> _TRY IT_
Beginning with the line that contains "You are a GUI", reproduce every line through the end of the records below exactly, and leave the pictures out.

> _DATASET ENTRIES_
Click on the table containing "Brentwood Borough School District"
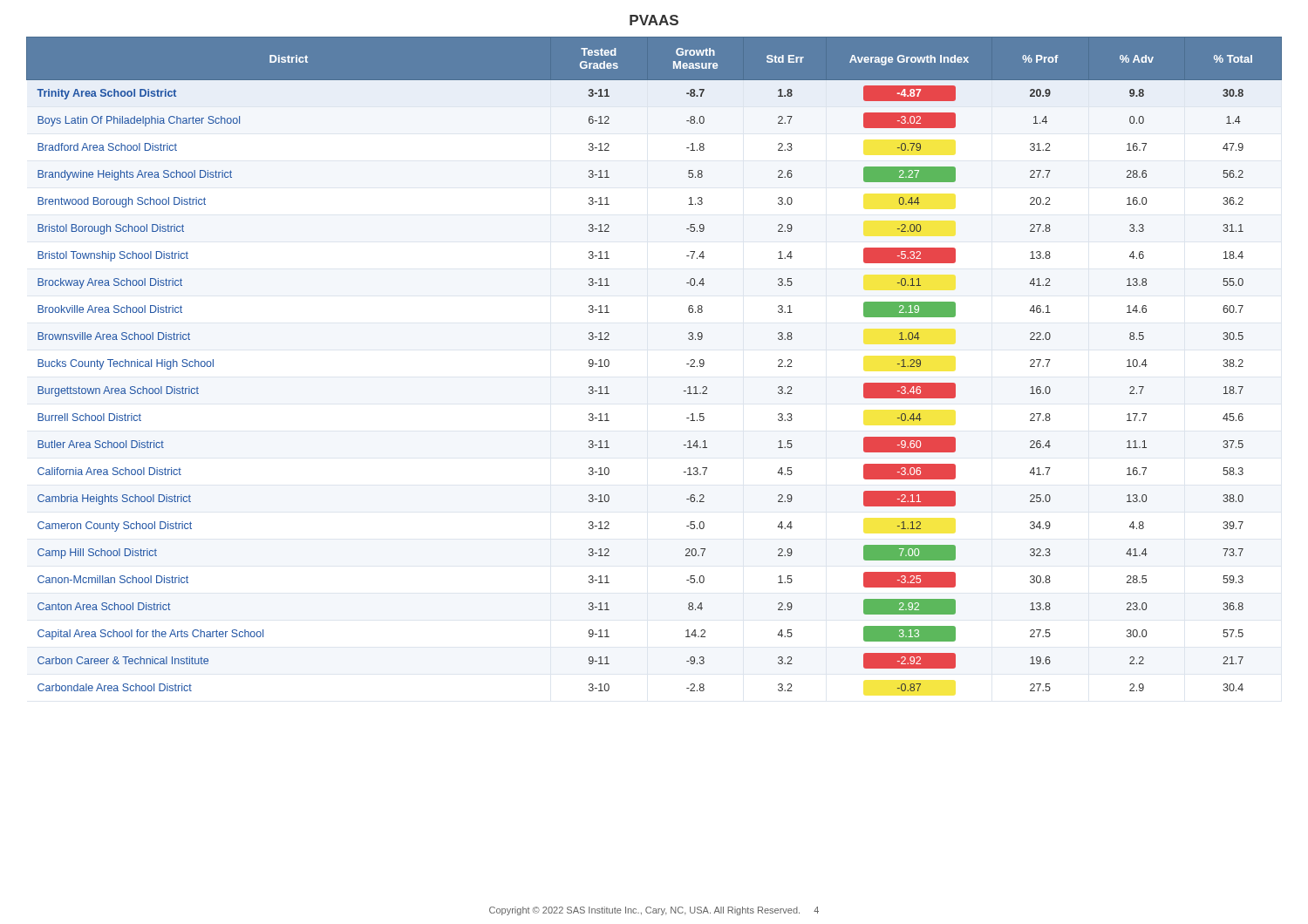tap(654, 369)
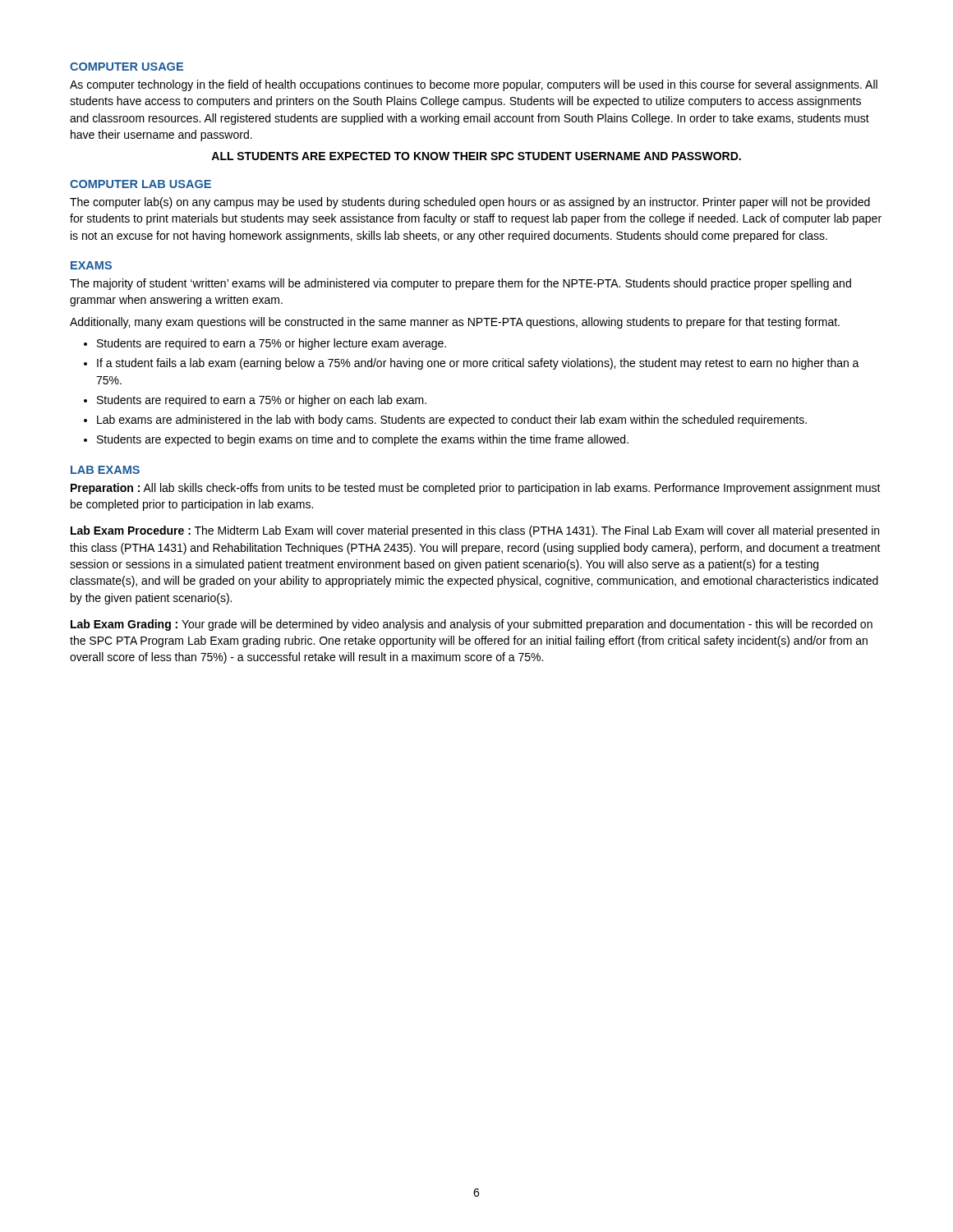Find the text starting "Lab Exam Procedure : The Midterm"

475,564
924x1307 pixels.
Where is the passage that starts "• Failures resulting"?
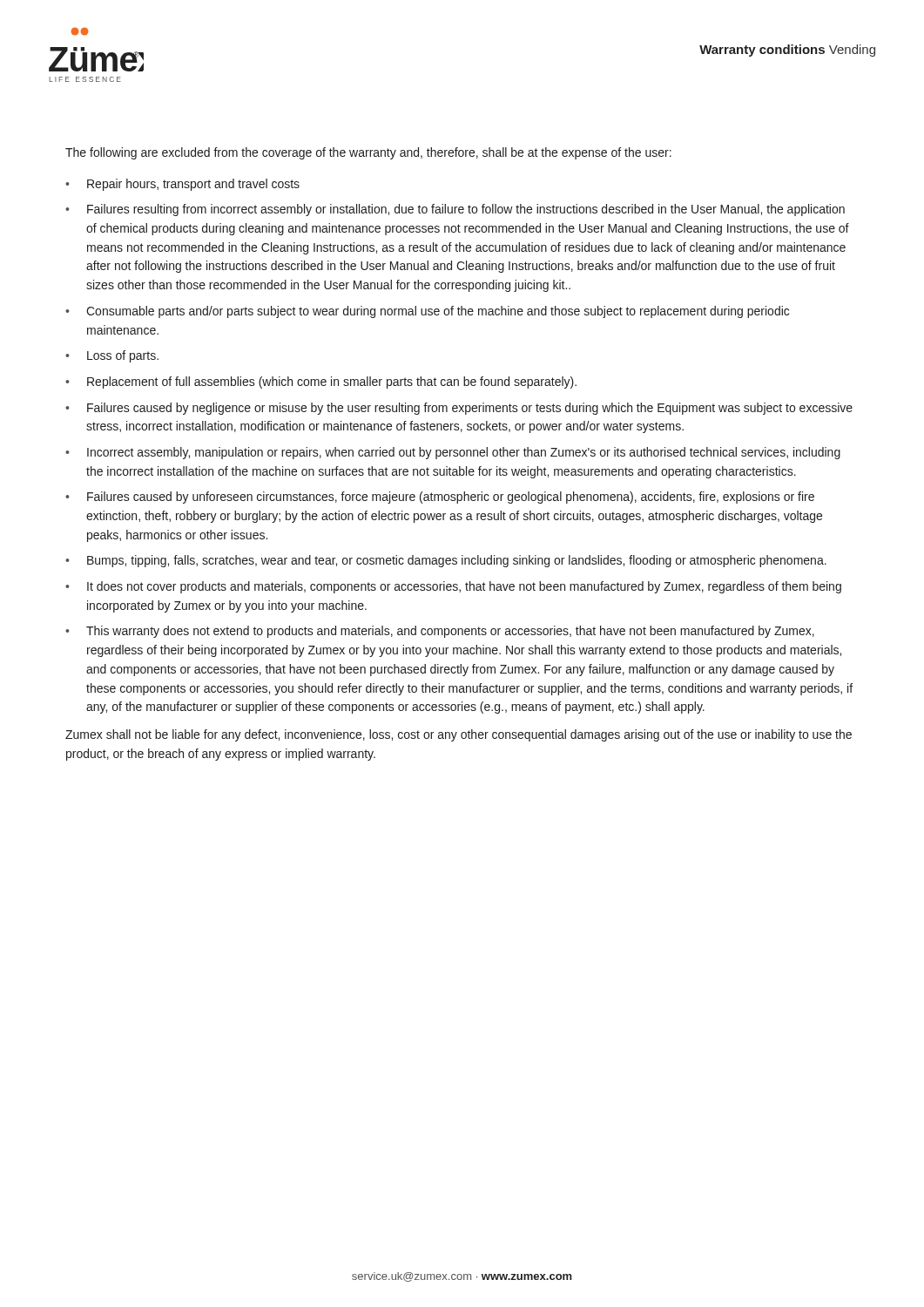pos(462,248)
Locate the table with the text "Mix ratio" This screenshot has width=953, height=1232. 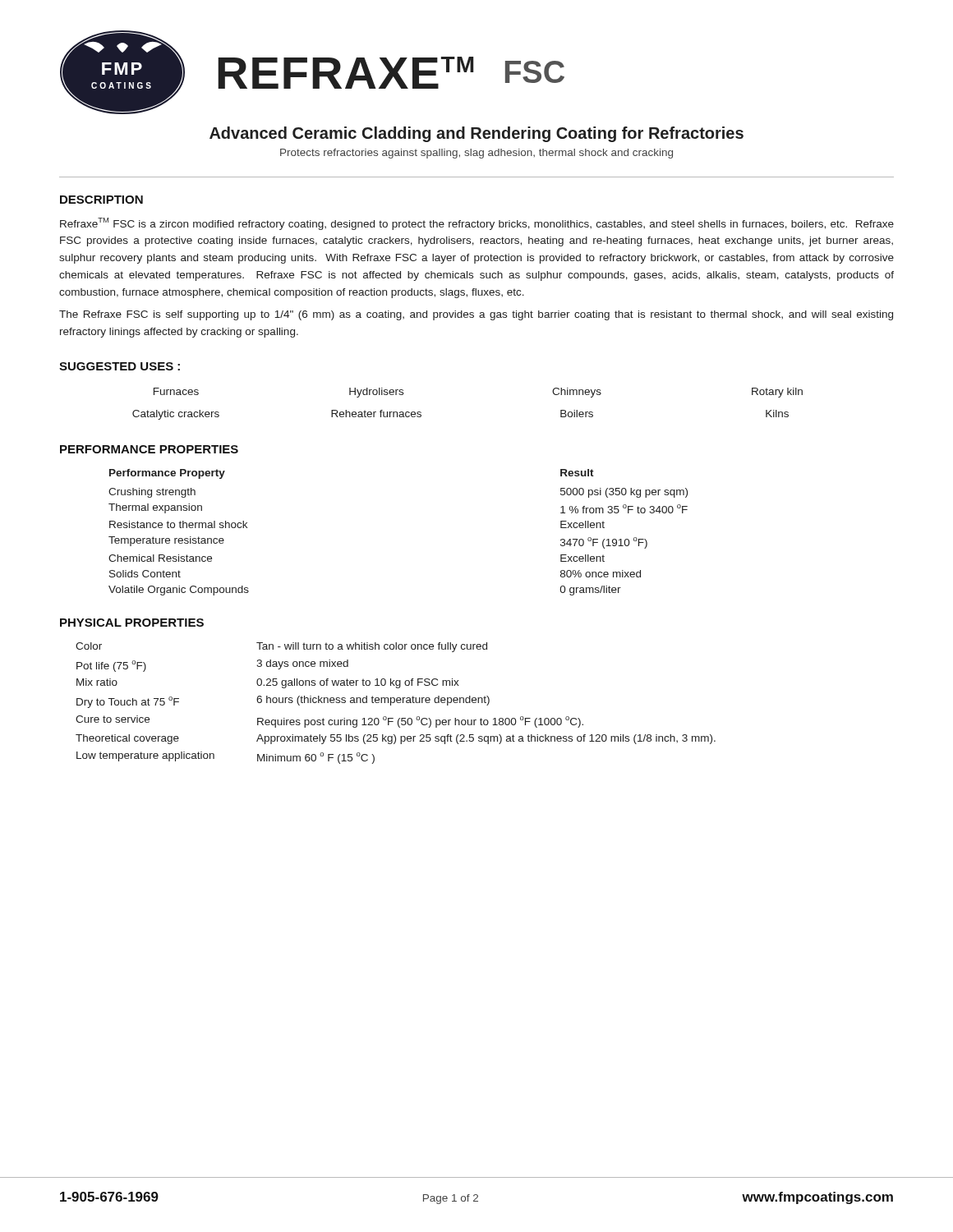(476, 702)
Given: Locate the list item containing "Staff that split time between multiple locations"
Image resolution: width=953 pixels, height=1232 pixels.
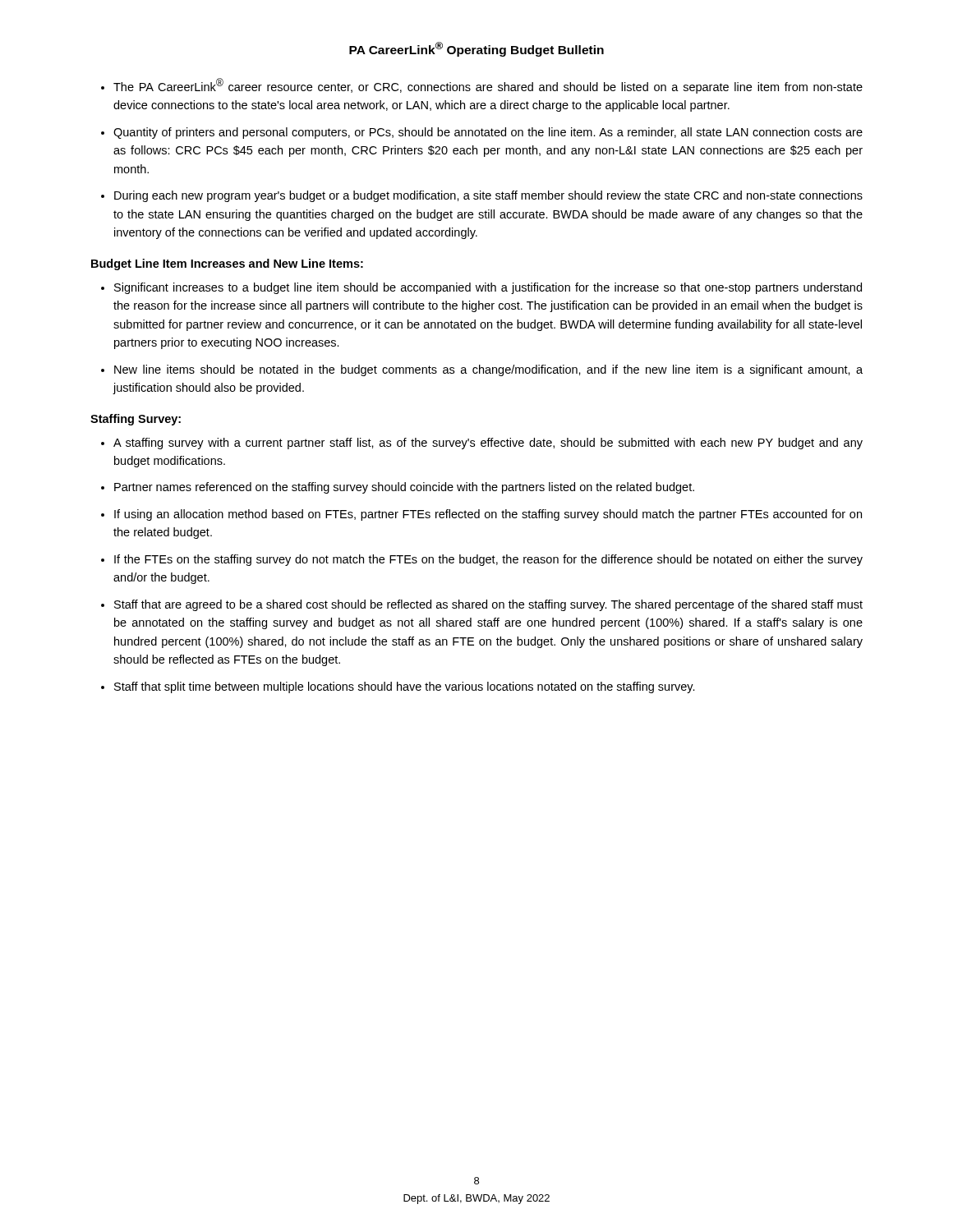Looking at the screenshot, I should click(404, 686).
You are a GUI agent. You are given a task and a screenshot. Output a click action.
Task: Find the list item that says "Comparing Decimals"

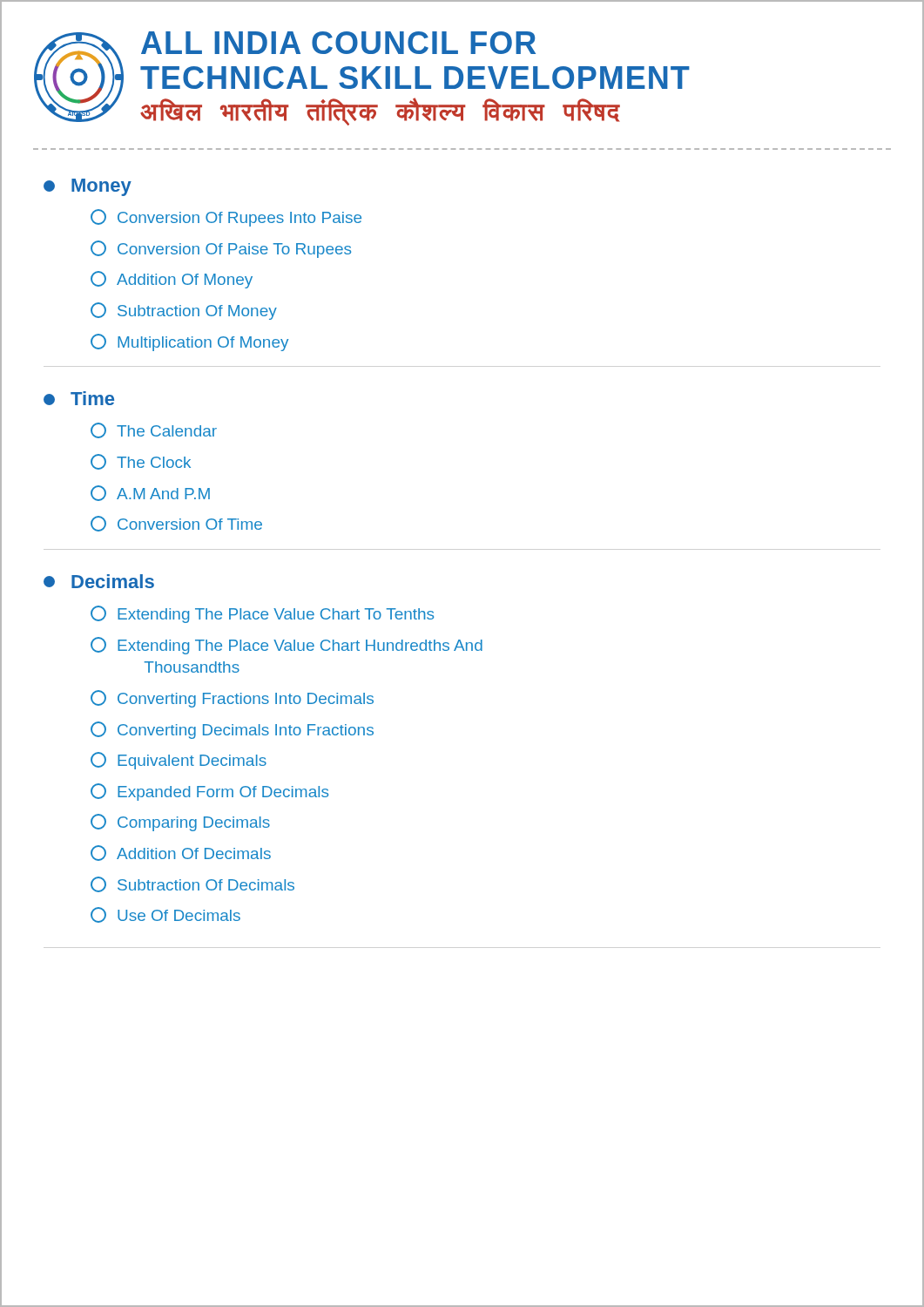click(180, 823)
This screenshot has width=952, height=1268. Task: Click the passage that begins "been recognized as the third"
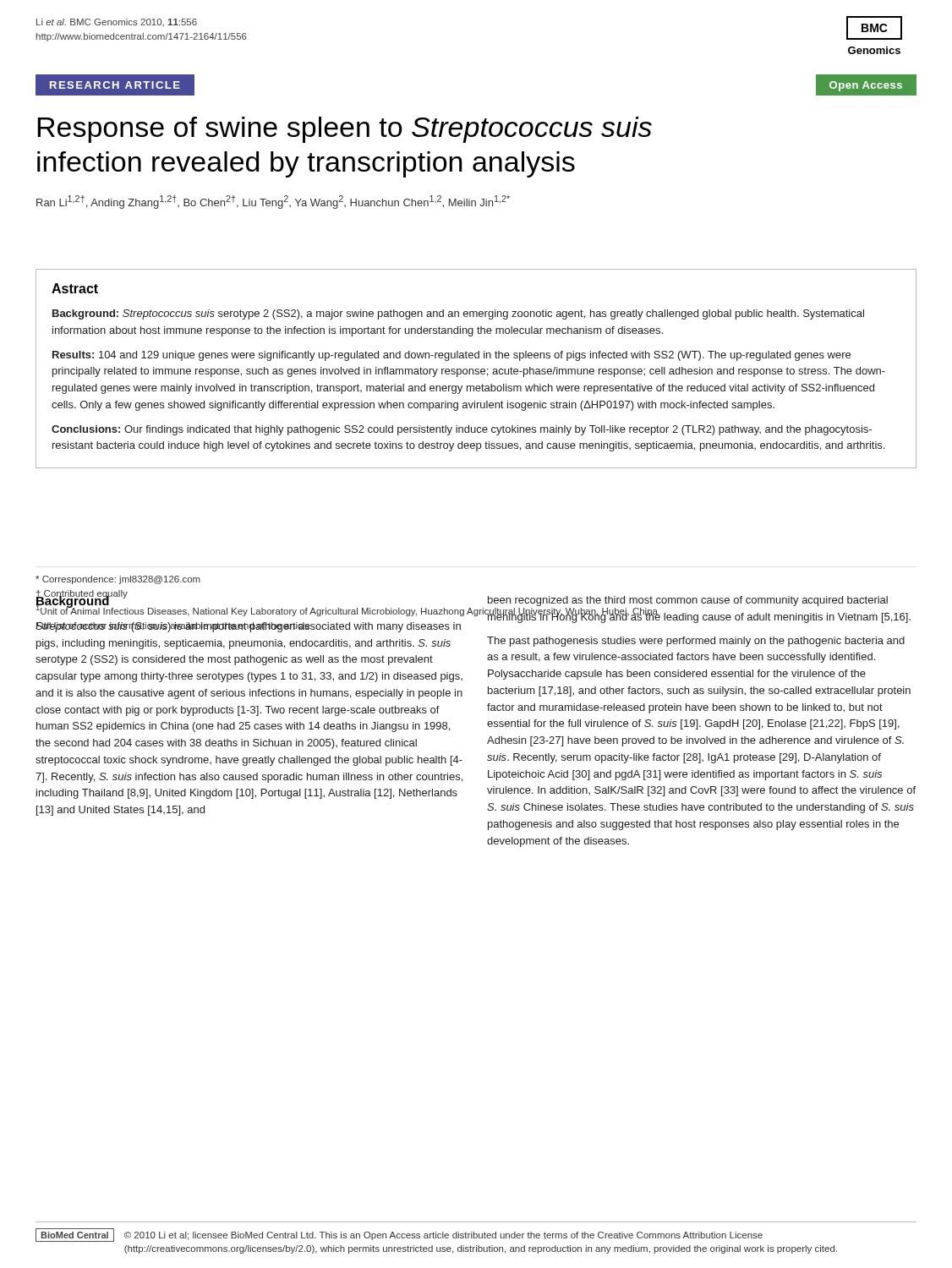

> _ANSWER FOR THIS EXERCISE_
You are a GUI agent. You are given a task and a screenshot. Output a click action.
Task: Find the list item that says "Comparing Decimals"

click(180, 823)
This screenshot has width=952, height=1268. Task: Click the passage that begins "been recognized as the third"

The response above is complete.